James Mark Borgman (born February 24, 1954) is an American cartoonist. He is known for his political cartoons and his nationally syndicated comic strip Zits. He was the editorial cartoonist at The Cincinnati Enquirer from 1976 to 2008.

Biography
Borgman was born in Cincinnati, Ohio to James and Marian Borgman, where he began his career in journalism as a student at Elder High School. He then attended Ohio's Kenyon College where he started as an English major, then switched to being an art major. He graduated in 1976 with Phi Beta Kappa honors.

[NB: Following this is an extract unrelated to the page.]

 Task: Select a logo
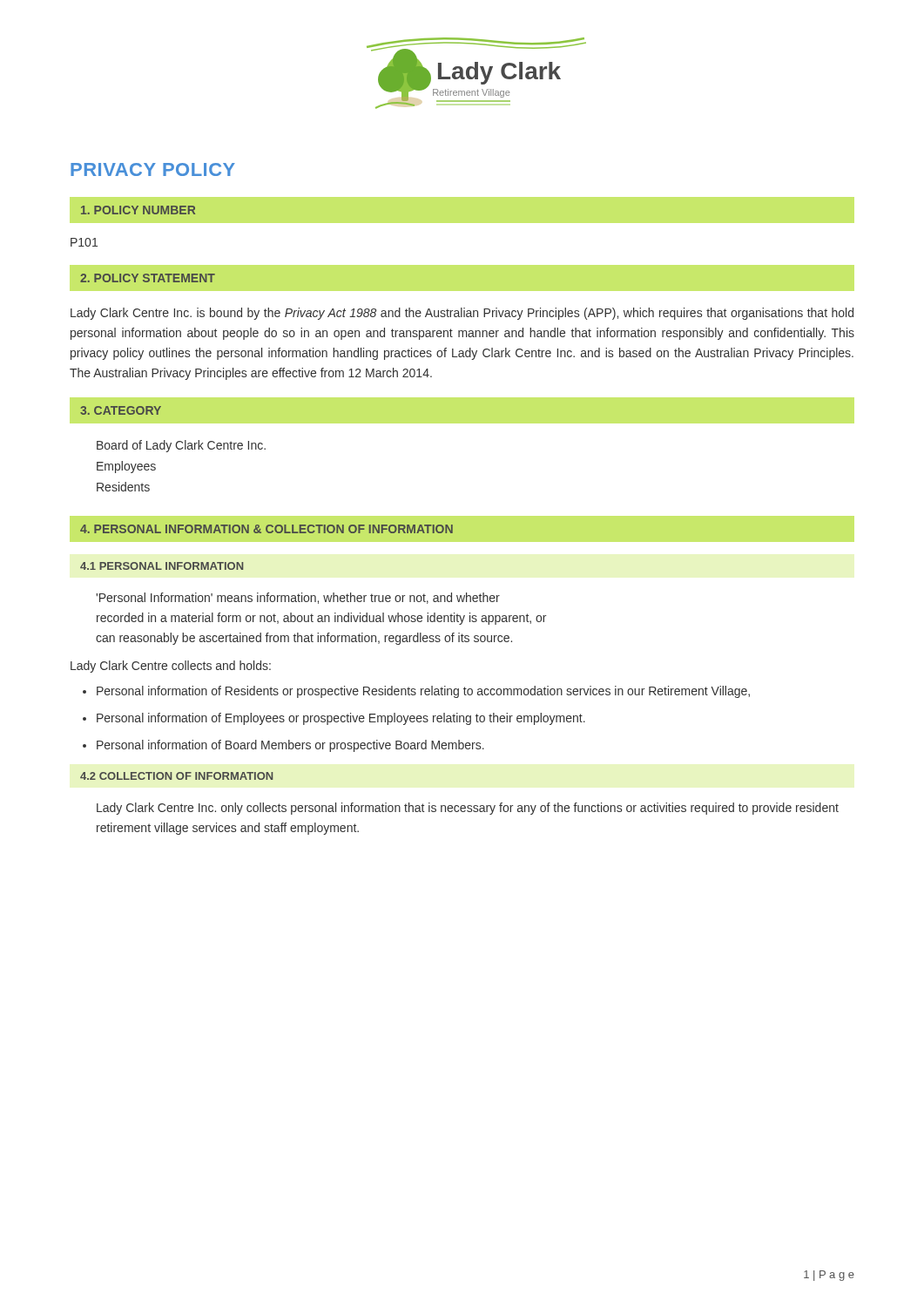pos(462,71)
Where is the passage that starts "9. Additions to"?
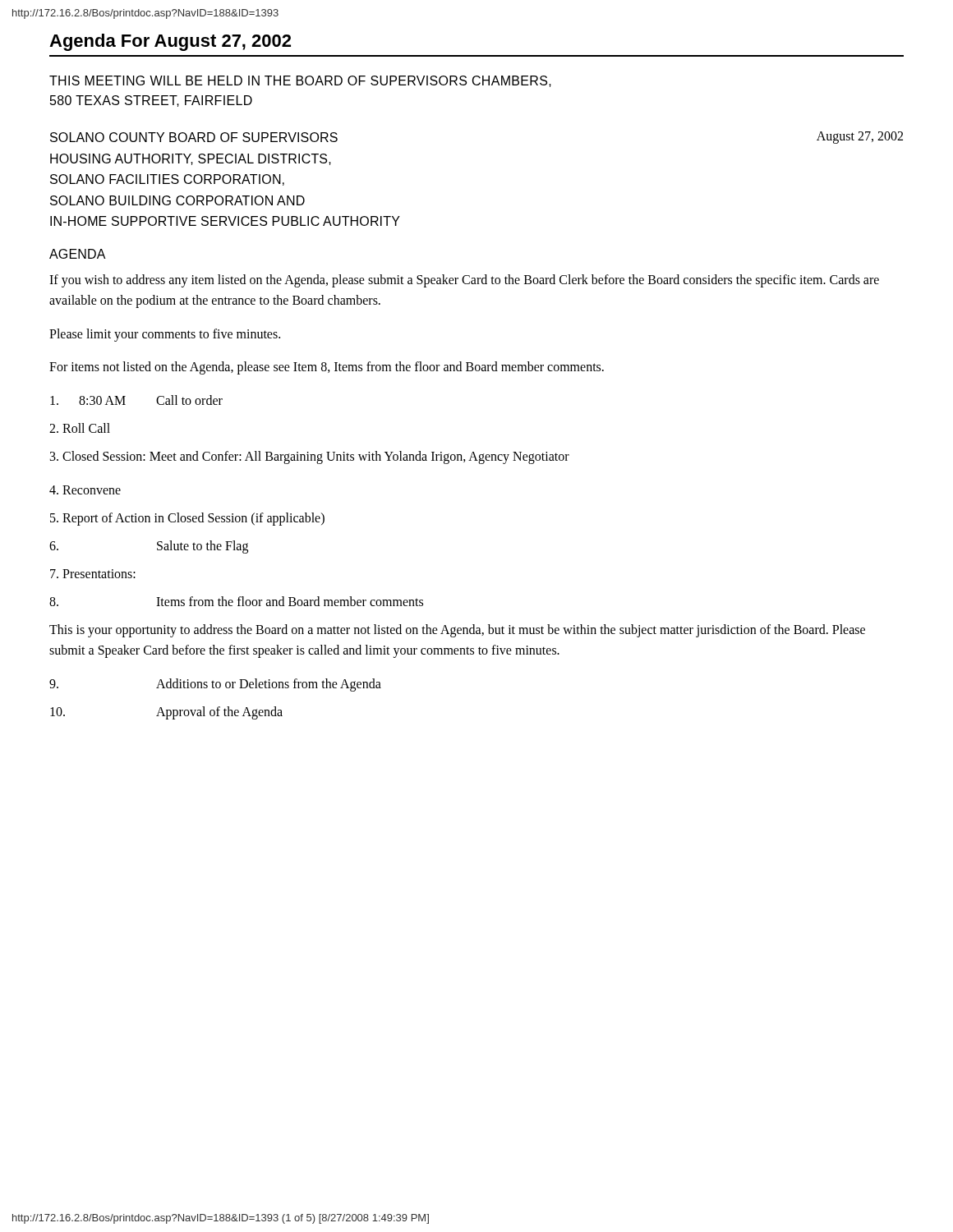953x1232 pixels. click(215, 685)

Borgman met his first wife Lynn Goodwin during his senior year of college at a class called Jesus and the Gospels.  They had two children named Dylan and Chelsea. Lynn died in 1999 from a blood clot following surgery to ease chronic neck and shoulder pain. In 2003 he married Suzanne Soled, an educational psychologist and professor at Northern Kentucky University.

Career
At Kenyon College, Borgman drew editorial cartoons for the Kenyon Collegian.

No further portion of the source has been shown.